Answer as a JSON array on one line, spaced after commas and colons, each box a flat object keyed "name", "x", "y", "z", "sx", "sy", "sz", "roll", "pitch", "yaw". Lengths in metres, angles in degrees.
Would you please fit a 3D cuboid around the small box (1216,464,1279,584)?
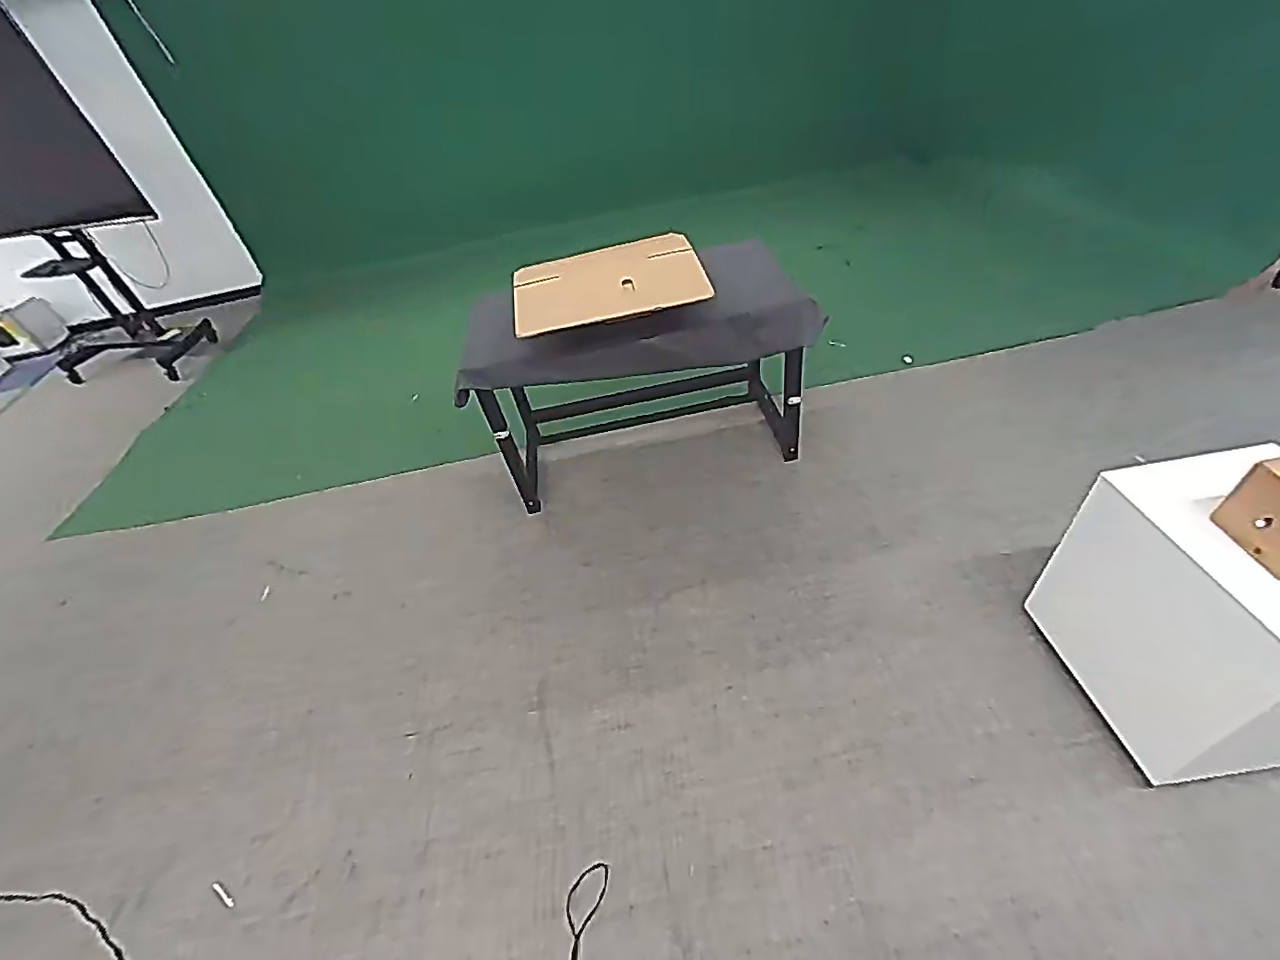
[{"name": "small box", "x": 1.266, "y": 0.078, "z": 1.021, "sx": 0.179, "sy": 0.176, "sz": 0.168, "roll": -9, "pitch": 42, "yaw": 1}]

**About this task**
No pictures go in the copy. Set down all the data exactly.

**Exercise answer**
Answer as a JSON array on one line, spaced after commas and colons, each box a flat object keyed "name", "x", "y", "z", "sx", "sy", "sz", "roll", "pitch", "yaw". Lengths in metres, angles in degrees.
Would you please fit a 3D cuboid around the small box (1216,464,1279,584)?
[{"name": "small box", "x": 1.266, "y": 0.078, "z": 1.021, "sx": 0.179, "sy": 0.176, "sz": 0.168, "roll": -9, "pitch": 42, "yaw": 1}]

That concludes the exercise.